Тот встретил его многозначительной ухмылкой и поклонами.
– Ну что? – нетерпеливо спросил глава старейшин, едва переступив порог.
– Все, как ты просил, о мудрый…
– Ой ли? – пронзительно взглянул на него старец.
– Клянусь! А Марсагет-то, хи-хи-хи… – захихикал энарей.
– Помолчи! – глава старейшин прошелся по хижине, о чем-то думая.
– Что теперь прикажешь, о несравненный?
– Молчать. Это тебе за труды и за то, чтобы язык твой случайно не стал короче… – старец небрежно швырнул к ногам энарея увесистый мешочек; зазвенело золото.
– Понял, понял… – быстро схватил его энарей. – Премного благодарен, о мудрый.
– Смотри, – костлявая рука старца клещами впилась в жирное плечо энарея. – Если где сболтнешь, даже своим собратьям, – берегись. Чтобы не пришлось раньше времени отправиться к.
Таргитаю…
– О мудрый… – в ответ только простонал толстяк, изобразив на лице ужас.
– Вот так… – глава старейшин окинул безразличным взглядом хижину и пошел к выходу. – Прощай…
Едва шаги старца затихли, энарей выпрямился, взвесил в руках мешочек.
– Старый сквалыга… – пробормотал он, расшнуровывая завязки. – Мог бы и пощедрее расплатиться…
В тот же день по осеннему лесу вышагивал высокий худой человек в тонком шерстяном плаще, под которым угадывался прикрепленный к поясу меч. Дорогой лук был небрежно перекинут через плечо, и путник изредка его поправлял, поругиваясь втихомолку. Вместо посоха в руках он держал дротик с длинным подтоком; путник шел быстрым шагом, не выбирая дороги – видно было, что эти места ему знакомы.

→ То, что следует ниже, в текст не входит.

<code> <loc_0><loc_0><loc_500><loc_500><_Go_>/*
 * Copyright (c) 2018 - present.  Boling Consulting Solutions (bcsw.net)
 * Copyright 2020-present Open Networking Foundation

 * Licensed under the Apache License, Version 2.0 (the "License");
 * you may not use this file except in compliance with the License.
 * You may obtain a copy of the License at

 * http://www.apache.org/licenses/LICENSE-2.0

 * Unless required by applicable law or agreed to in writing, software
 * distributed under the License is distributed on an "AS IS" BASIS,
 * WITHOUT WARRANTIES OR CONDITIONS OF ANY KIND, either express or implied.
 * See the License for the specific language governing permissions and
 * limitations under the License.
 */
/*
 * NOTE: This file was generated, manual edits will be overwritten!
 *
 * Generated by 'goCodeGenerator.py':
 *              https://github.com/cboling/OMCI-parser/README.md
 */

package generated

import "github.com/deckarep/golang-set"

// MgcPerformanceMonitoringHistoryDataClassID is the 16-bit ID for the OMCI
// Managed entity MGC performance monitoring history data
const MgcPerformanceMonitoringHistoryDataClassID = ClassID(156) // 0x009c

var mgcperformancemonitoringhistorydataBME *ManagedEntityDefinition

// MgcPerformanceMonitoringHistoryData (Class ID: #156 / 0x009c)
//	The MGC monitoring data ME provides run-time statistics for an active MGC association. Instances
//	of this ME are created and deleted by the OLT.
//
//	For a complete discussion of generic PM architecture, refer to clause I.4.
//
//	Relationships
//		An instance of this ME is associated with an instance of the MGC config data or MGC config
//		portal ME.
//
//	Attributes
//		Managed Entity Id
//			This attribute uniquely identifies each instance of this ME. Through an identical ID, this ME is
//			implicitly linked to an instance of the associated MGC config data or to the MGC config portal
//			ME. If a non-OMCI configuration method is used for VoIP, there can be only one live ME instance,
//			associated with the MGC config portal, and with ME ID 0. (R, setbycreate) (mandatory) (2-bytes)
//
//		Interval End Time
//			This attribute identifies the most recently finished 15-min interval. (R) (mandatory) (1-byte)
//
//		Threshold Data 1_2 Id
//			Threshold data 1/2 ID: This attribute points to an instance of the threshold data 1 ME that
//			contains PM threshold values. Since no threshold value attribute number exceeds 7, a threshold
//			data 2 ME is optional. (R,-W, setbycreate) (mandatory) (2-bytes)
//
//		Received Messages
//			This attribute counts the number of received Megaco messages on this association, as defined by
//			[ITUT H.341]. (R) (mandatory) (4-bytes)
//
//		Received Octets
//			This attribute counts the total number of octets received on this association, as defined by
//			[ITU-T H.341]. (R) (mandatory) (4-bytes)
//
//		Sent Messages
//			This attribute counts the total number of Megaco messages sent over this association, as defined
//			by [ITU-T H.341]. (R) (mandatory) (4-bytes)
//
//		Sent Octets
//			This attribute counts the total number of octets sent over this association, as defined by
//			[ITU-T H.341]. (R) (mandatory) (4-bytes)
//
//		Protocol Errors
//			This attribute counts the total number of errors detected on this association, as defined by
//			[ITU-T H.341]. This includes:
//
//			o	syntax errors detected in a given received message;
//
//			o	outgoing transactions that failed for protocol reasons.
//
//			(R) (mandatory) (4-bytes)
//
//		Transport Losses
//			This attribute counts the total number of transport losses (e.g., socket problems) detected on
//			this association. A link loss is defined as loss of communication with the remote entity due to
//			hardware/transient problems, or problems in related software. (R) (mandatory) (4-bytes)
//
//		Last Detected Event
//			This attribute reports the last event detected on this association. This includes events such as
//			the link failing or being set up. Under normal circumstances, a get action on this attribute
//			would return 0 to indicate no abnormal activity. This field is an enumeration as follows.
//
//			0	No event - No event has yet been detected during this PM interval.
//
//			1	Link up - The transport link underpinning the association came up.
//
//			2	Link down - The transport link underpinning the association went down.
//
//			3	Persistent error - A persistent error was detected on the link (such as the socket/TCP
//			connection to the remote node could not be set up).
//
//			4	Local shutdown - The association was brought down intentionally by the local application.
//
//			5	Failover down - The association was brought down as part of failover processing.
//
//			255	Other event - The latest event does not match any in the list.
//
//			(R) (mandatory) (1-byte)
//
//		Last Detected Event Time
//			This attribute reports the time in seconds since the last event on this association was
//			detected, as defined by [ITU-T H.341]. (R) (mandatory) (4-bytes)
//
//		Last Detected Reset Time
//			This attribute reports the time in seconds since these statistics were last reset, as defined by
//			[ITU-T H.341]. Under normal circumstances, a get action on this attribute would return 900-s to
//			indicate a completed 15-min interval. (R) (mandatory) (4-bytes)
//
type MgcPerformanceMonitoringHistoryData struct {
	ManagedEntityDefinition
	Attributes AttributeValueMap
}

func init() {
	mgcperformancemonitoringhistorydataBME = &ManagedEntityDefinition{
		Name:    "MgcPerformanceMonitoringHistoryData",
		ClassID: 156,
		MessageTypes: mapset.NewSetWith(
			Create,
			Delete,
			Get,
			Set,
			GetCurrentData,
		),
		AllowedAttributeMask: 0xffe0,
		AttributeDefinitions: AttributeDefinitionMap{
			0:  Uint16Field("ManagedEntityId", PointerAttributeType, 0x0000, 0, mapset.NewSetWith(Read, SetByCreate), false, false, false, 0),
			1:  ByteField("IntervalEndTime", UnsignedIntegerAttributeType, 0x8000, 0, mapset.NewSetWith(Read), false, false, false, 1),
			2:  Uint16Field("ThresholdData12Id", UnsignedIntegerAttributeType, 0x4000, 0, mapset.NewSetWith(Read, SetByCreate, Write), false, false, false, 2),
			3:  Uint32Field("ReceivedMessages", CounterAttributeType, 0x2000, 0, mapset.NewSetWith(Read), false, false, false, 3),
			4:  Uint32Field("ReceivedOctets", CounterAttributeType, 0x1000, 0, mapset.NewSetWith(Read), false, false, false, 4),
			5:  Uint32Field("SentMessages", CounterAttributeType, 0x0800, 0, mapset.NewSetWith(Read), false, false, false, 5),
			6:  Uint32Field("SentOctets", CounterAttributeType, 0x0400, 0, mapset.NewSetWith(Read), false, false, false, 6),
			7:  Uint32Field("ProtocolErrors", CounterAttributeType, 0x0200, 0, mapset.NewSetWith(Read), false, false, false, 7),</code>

Только однажды он приостановился у старой толстенной осины, как бы в раздумье – кора висела на дереве лохмотьями, сквозь глубокие продольные борозды на высоте человеческого роста проглядывала белая сердцевина. Постояв чуток, путник вздохнул, покачал головой и, сторожко оглядываясь по сторонам, двинулся дальше.
Перед спуском в глубокую, поросшую молодым дубняком ложбину, где по дну беззаботно журчал ручей, путник вновь остановился, осмотрелся, словно стараясь запечатлеть в памяти окрестности, крепче сжал дротик, перехватив его пониже, и, придерживаясь за стволы деревьев, направился к едва приметному бугорку у невысокого обрыва. Когда он подошел поближе, бугорок вырос в размерах, превратившись в добротный накат землянки, замаскированный сверху дерном и усыпанный опавшими листьями.
Дверь в землянку, сколоченная из плотно подогнанных жердей и проконопаченная по щелям мхом, была закрыта. Единственное окошко у двери встретило путника бельмом плохо вычиненного бычьего пузыря, натянутого на грубую рамку.